In this module, the mode of action for each of these classes of insecticides will be discussed.
Pesticides are materials used to prevent or decrease the proliferation of pests, e.g.. insects, microbes, rodents, algae, fish, plants, etc. A more extensive list of targets of pesticides can be seen on the web site of the U. S. Environmental Protection Agency at http://www.epa.gov/opp00001/whatis.htm. The most common uses of insecticides are in farming and gardening. Insecticides are also found in products designed for tick and flea protection and for general insect control.
Areas of concern when working with pesticides include environmental contamination and nonselectivity. Contamination of the water supply can have toxic effects on plants and wildlife in the area of administration. Contamination of the food being produced can have widespread effects, as well. It is important to keep in mind that pesticides work by suppressing some important biological mechanism of the target organism. However, since the series of metabolic reaction pathways that occur in cells is quite similar from organism to organism, pesticides may pose threat to nontarget organisms, as well. Whether these nontarget organisms are humans, wildlife, or plant life; the use of pesticides may pose a threat to the environment that should be considered carefully. The choice of pesticide is an important one. A pesticide which is highly selective toward a given organism will pose a lower risk to the environment.
Examples of Pesticides
One of the most widely used classes of insecticides are organophosphates. They account for approximately one half of the insecticides used in the United States (2). Organophosphates irreversibly inhibit the important enzyme acetlycholinesterase which is important in the regulation of levels of acetylcholine, a neurotransmitter. Some can be highly toxic and are chemically related to nerve gases. Others are considerably less toxic.
Carbamates make up another class of pesticides. They inhibit acetlycholinesterase, as do the organophosphates, but they do so reversibly.
*a botanical pesticide—rotenone
Rotenone is derived from the roots, seeds, and leaves of various plants and is referred to as a botanical pesticide. It is a nonspecific pesticide used for insect control on both plants and pets, as well control of fish populations. (3) Rotenone is an inhibitor of an enzyme in one of the complexes involved in the oxidation of NADH in the electron transport chain.
*molting accelerators--diacylhydrazines (GREEN CHEMISTRY)

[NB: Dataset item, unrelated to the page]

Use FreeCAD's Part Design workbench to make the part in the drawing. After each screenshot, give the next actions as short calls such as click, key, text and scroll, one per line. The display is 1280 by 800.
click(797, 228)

The diacylhydrazines are agonists of the insect steroidal hormone 20-hydroxyecdysone (an ecdysteroid). This steroidal hormone is proposed to be involved in regulation of genetic expression of the insect genome. The effect is disruption of the molting process of target insects, resulting in death.
Modes of Action
function of acetylcholine
Both organophosphates and carbamates act by inhibiting the enzyme acetylcholinesterase which catalyzes the hydrolysis of acetylcholine to choline and acetate. Acetylcholine is a neurotransmitter which is synthesized by the transmitting, or presynaptic, cell. It is stored in synaptic vesicles until an action potential causes a depolarization of the presynaptic cell's plasma membrane. This results in a Ca2+ influx followed by fusion of the synaptic vesicles with the plasma membrane. Acetylcholine is released into the synaptic cleft and diffuses to the receiving, or postsynaptic, cell. Here, the acetylcholine binds to a its receptor, which can act as a cation channel. The receptor undergoes a conformational change upon binding the acetylcholine. This change in three-dimensional structure results in an influx of Na+ which depolarizes the plasma membrane in the postsynaptic cell. This initiates an action potential.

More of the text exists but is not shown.